A customer who added coverage for the influx of water could reasonably expect to receive exactly that, without limitation, since no limitation was stated in para 61 of the Extension.

From a commercial reality standpoint, the Court of Appeal determined that if paragraph 61 provided coverage for influx from natural sources, but that coverage would not apply if the influx was a result of something excluded elsewhere in the policy (ie. for flooding), then there was no value at all to the extension the Respondent purchased:

[29]           From the perspective of commercial reality, what did the insured buy? Paragraph 61 of the Extension provides coverage for influx from natural sources, including through above-ground openings. If that coverage excludes flood and rain, sleet and snow under ss 2.2 and 2.3.3 of the Broad Form, then there is no benefit to the insured from purchasing para 61 of the Extension. As the Supreme Court cautioned in Ledcor at para 79, quoting Estey J. in Consolidated‑Bathurst Export Ltd. v.

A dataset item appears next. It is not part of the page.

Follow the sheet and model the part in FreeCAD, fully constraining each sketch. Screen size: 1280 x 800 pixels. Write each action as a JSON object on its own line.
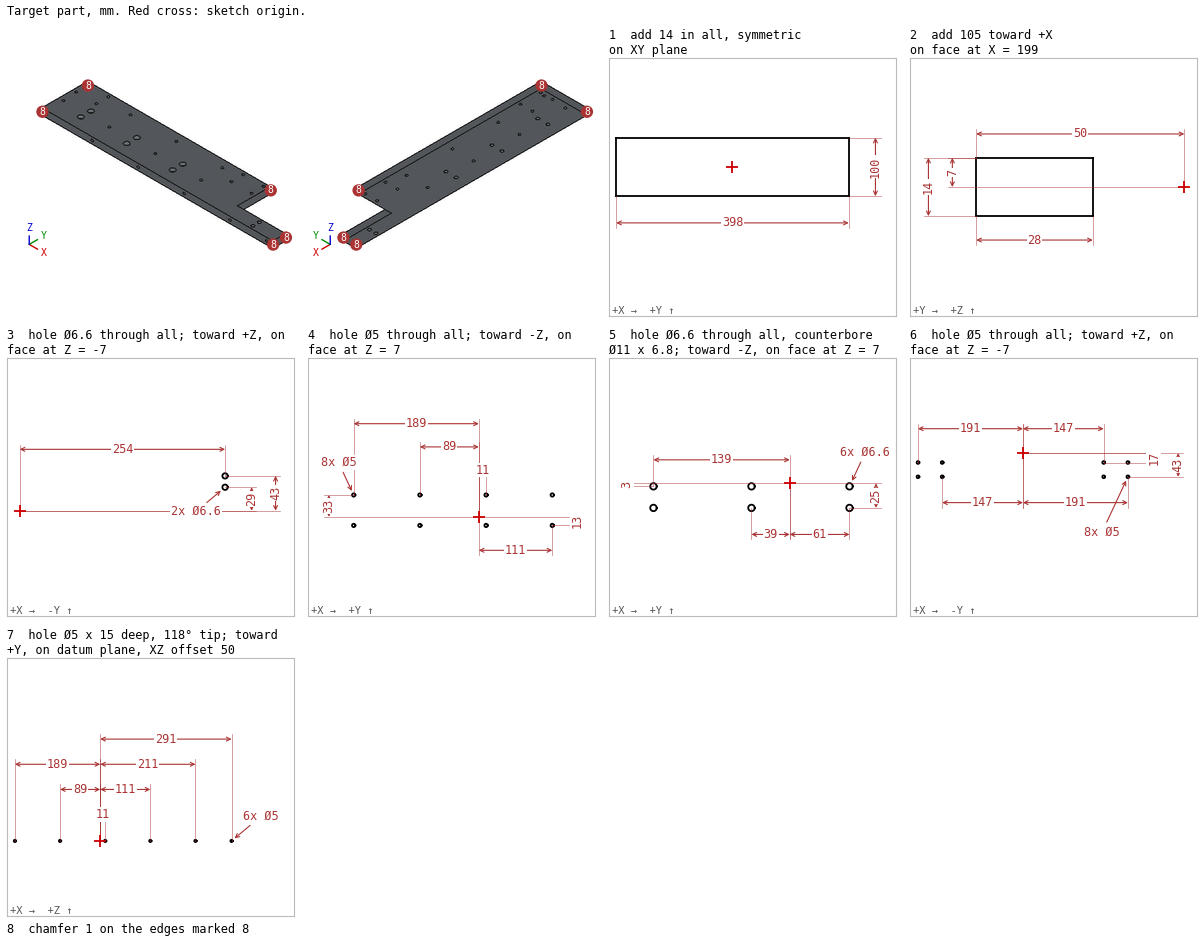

Mutual Boiler and Machinery Insurance Co.1979 CanLII 10 (SCC), [1980] 1 SCR 888 at 901-2, 112 DLR (3d) 49, “the courts should be loath to support a construction which would either enable the insurer to pocket the premium without risk or the insured to achieve a recovery which could neither be sensibly sought nor anticipated at the time of the contract”. Interpreting para 61 of the Extension as applying to an influx of water from a flood strikes the appropriate balance.

The majority of the panel ultimately determined there was no error in interpretation and dismissed the appeal.